You're looking at Less Wrong's discussion board. This includes all posts, including those that haven't been promoted to the front page yet. For more information, see About Less Wrong.

KatjaGrace comments on Superintelligence 20: The value-loading problem - Less Wrong Discussion

4 Post author: KatjaGrace 27 January 2015 02:00AM

You are viewing a comment permalink. View the original post to see all comments and the full post content.

Comments (21)

You are viewing a single comment's thread.
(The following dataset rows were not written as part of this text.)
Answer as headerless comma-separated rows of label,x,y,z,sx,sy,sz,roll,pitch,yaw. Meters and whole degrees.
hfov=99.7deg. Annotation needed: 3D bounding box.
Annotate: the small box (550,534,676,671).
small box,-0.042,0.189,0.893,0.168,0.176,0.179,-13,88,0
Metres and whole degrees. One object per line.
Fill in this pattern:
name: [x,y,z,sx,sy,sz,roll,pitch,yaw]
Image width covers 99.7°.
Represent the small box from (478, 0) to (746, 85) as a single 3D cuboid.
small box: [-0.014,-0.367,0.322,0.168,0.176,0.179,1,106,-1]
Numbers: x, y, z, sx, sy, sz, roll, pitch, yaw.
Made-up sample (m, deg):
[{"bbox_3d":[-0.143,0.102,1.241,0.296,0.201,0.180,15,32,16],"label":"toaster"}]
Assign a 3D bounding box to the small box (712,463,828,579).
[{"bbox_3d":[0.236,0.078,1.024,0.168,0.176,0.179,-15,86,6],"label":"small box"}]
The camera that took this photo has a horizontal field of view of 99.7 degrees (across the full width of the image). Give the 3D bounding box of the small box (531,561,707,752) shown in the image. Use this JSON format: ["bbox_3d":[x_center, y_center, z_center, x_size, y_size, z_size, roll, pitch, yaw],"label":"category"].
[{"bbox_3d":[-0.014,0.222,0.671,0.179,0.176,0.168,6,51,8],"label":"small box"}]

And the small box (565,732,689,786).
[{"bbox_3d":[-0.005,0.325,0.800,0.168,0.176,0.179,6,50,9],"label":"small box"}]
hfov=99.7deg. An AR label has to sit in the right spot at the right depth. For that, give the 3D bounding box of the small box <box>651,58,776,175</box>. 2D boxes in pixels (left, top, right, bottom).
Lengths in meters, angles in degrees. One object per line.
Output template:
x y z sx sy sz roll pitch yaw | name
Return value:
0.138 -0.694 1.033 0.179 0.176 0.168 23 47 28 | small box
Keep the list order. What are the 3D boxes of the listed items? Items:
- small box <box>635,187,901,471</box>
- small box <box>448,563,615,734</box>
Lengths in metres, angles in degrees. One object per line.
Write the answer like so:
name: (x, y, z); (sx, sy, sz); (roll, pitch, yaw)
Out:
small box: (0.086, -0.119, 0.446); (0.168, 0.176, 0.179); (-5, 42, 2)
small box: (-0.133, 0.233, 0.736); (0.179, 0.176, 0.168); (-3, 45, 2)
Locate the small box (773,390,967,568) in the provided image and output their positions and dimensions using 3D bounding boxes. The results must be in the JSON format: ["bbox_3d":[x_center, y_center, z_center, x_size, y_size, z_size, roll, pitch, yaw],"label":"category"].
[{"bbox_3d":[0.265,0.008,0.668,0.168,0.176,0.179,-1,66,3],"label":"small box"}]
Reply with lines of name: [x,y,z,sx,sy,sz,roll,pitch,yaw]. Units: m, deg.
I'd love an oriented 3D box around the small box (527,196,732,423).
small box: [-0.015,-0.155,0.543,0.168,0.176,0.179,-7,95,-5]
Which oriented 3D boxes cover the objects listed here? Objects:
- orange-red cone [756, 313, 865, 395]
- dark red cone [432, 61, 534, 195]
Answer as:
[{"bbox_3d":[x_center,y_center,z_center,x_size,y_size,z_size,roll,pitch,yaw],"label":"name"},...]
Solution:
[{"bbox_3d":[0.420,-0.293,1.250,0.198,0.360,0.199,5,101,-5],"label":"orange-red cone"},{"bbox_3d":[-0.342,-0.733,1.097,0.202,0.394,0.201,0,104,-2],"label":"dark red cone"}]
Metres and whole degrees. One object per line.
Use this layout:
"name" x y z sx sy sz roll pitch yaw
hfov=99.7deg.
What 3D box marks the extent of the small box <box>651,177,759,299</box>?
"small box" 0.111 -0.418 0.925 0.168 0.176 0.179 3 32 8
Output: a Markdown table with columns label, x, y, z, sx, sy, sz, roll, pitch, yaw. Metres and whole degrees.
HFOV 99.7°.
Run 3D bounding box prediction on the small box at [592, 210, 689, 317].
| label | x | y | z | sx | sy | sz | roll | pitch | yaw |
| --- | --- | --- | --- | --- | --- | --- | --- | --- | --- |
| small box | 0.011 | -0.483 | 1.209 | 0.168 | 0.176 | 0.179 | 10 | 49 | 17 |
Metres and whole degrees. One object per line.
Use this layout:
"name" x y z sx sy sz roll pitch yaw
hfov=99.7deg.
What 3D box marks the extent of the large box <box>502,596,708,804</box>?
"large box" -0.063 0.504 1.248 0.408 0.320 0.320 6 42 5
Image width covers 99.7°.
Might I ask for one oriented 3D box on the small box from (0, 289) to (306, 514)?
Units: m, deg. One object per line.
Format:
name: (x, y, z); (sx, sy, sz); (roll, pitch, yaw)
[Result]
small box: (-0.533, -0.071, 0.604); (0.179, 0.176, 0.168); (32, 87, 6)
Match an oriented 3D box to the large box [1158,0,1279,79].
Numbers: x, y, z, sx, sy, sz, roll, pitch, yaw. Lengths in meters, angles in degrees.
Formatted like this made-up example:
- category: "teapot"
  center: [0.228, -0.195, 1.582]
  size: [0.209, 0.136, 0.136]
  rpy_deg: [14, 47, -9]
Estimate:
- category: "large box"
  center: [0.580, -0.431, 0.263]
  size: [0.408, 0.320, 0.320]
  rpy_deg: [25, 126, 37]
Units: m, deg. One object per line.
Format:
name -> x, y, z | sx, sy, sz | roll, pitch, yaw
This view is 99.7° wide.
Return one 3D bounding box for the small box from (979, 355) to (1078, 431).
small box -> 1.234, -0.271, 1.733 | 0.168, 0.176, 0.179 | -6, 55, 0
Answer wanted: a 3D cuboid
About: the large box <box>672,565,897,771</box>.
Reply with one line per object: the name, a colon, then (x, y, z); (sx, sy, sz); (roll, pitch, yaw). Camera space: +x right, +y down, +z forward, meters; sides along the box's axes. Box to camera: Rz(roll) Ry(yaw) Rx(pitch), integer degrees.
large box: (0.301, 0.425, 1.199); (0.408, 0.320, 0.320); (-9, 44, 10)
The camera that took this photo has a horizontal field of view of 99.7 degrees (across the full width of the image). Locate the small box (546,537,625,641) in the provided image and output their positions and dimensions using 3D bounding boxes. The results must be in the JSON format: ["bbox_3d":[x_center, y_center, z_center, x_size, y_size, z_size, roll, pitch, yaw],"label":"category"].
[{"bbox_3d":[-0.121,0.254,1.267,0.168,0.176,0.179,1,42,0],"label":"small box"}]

Comment author: KatjaGrace 26 January 2015 07:59:24PM 2 points [-]

Bostrom says a human doesn't try to disable its own goal accretion (though that process alters its values) in part because it is not well described as a utility maximizer (p190, footnote 11). Why assume AI will be so much better described as a utility maximizer that this characteristic will cease to hold?

Comment author: William_S 09 February 2015 07:00:40PM *  0 points [-]

I can think of a few reasons why it might seem like humans don't try to disable goal accretion:

*Humans can't easily perform reliable self-modifications, and as a result usually don't consider things like disabling goal accretion as something that's possible.

*When a human believes something strongly enough to want to try to fix it as a goal, mechanisms kick in to hold it in place that don't involve consciously considering value accretion disabling as a goal. For example, confirmation bias and other cognitive biases, making costly commitments to join a group of people who also share that goal (which makes it harder to take it away, ect.).

*Cognitive biases lead us to underestimate the amount values have shifted in the past, and wildly underestimate how our values might shift in the future

*Humans believe that all value accretion is good, because it lead to the present set of values, and they are good and right. Also, humans believe that their values will not change in the future, because they feel objectively good and right (subjectively objective).

*Our final goals are inaccessible, so we don't really know what it is we would want to fix as our goals.

*Our actual final goals (if there is something like that that can be meaningfully specified) include keeping the goal accretion mechanism running.

It seems likely that an AI system which humans understand well enough to design might have fewer of these properties.